Figure 1 Assembly of the dispensable genome for different subgroups of lotus. (A), The strategy for de novo assembly of the dispensable genome. (B), Assembly results using different tools. (C), Statistics of the total length of contigs of the dispensable genome for FL, RL, SL, and WL subgroups, respectively. (D), Statistics of maximum length of contigs of the dispensable genome in FL, RL, SL, and WL, respectively. FL, flower lotus; RL, rhizome lotus; SL, seed lotus; WL, wild lotus.

A total of 1.6 Gb, 6.2 Gb, 4.0 Gb, and 4.6 Gb unmapped sequences were finally merged for FL, RL, SL, and WL subgroups, respectively (Table S2) and assembled following the workflows mentioned above (Figure 1A). After clustering with cd-hit, contig N50 of the assembly of four subgroups ranged from 1115 bp in SL to 2650 bp in RL (Figure 1B). Contig N50 of the final assembly of RL was 67,813 bp, while it was 1989, 1785, and 3612 bp for the assembly of FL, SL, and WL, respectively, which were significantly improved after the removal of the contaminations using DeconSeq (Figure 1B). The genome of WL had apparent more contigs (43,187), whereas the contigs were less than 4000 in both FL and SL. The total length of the final contig in RL and WL (more than 11 Mb) was much longer than that in FL and SL (less than 2.3 Mb) (Figure 1C). The genome of RL had the longest contig (535.05 kb), while the longest contig in WL was 101.8 kb, but the longest contig in FL and SL was only approximately 10 kb (Figure 1D). These data indicated that the dispensable genomes of different lotus subgroups may be differential.

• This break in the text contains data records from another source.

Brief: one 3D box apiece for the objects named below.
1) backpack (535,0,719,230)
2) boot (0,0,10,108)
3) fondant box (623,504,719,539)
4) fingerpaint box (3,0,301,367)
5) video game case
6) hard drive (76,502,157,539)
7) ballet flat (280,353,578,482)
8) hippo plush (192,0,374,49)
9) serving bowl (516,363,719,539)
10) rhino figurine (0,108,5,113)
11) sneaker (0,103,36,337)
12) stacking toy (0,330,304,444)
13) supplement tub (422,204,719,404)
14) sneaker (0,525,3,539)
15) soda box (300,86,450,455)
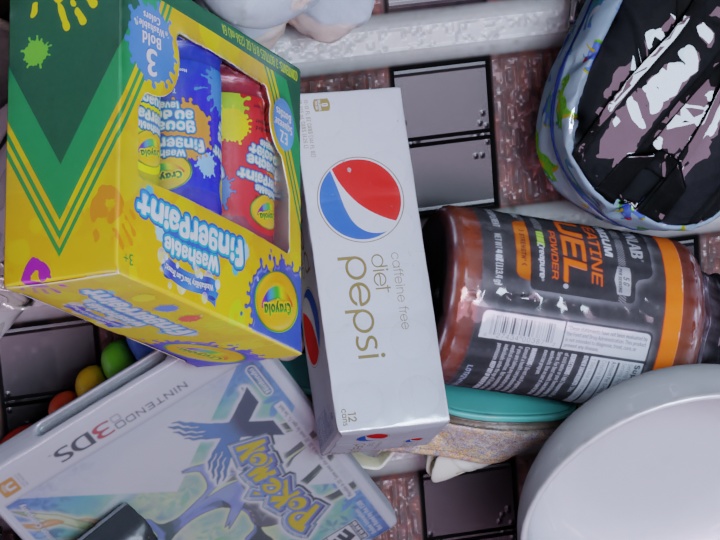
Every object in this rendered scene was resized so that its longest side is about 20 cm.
[{"bbox_3d":[0.188,-0.117,1.698,0.163,0.154,0.201,30,74,-20],"label":"backpack"},{"bbox_3d":[-0.275,-0.101,1.571,0.181,0.073,0.200,14,141,-36],"label":"boot"},{"bbox_3d":[0.213,0.194,1.815,0.144,0.058,0.200,35,93,-18],"label":"fondant box"},{"bbox_3d":[-0.104,-0.052,1.538,0.073,0.200,0.168,-7,73,25],"label":"fingerpaint box"},{"bbox_3d":[-0.100,0.131,1.698,0.182,0.022,0.200,-31,130,7],"label":"video game case"},{"bbox_3d":[-0.180,0.244,1.678,0.200,0.033,0.140,-38,132,-16],"label":"hard drive"},{"bbox_3d":[0.031,0.091,1.753,0.199,0.068,0.068,8,121,-9],"label":"ballet flat"},{"bbox_3d":[-0.030,-0.201,1.607,0.158,0.161,0.201,22,98,-16],"label":"hippo plush"},{"bbox_3d":[0.183,0.125,1.709,0.199,0.066,0.201,-7,131,-8],"label":"serving bowl"},{"bbox_3d":[-0.176,-0.127,1.647,0.199,0.060,0.088,32,99,-20],"label":"rhino figurine"},{"bbox_3d":[-0.191,-0.007,1.619,0.075,0.116,0.201,12,124,-27],"label":"sneaker"},{"bbox_3d":[-0.133,0.069,1.700,0.200,0.085,0.086,-37,108,4],"label":"stacking toy"},{"bbox_3d":[0.132,0.026,1.730,0.199,0.107,0.108,8,102,-15],"label":"supplement tub"},{"bbox_3d":[-0.271,0.137,1.691,0.090,0.066,0.201,-32,104,0],"label":"sneaker"},{"bbox_3d":[0.000,0.000,1.671,0.068,0.064,0.201,-5,76,-12],"label":"soda box"}]

2.2 Evaluation of the assembly of dispensable genomes

To evaluate the quality of the assembled dispensable genomes, all the contigs were aligned to three genome assemblies of different lotus varieties, including CA v3 (Qi et al., 2023), TK (Zheng et al., 2022a), and ‘Chinese Tai-zi’ (Wang et al., 2013), using blastn program. About 1754 of the contig in the FL dispensable genome could be matched in the three assemblies, while 1387 contig in RL and 900 contigs in SL were aligned. Still, only 2.4% of contigs in the WL dispensable genome were also aligned (Figure 2). Most of these aligned contigs had the highest coverage in the TK assembly. Although over 96% of the contigs in the FL dispensable genome could be aligned to the other three genomes, the contig coverage was relatively low. Moreover, more than 300 contigs of each dispensable genome with contig length 6422 bp of the longest contig (identity of most contig > 98%) could be entirely aligned to the TK genome. The coverage of more than 500 contigs was more than 0.5 (Table S3), implying that the dispensable genome had assembled the complete segments in the TK genome. The number of contigs with high coverage in TZ was less than in TK, but few contigs could be aligned to CA v3 with more than 0.5 (Table S3). These results indicated that most of the contigs were newly assembled, and the workflow used in the present study could allow the successful assembling of the dispensable genomes.

FIGURE 2

Figure 2 The heatmap images showing the coverage of assembled contigs aligned to the genome of CA v3, TK, and TZ, respectively. CA v3, “China Antique” v3 genome; TK, genome of ‘TaiKonglian NO.3’; TZ, genome of “TaiZi”. FL, flower lotus; RL, rhizome lotus; SL, seed lotus; WL, wild lotus. The number of the aligned contigs was 1754, 1386, 900, and 1037 in FL, RL, SL, and WL, respectively.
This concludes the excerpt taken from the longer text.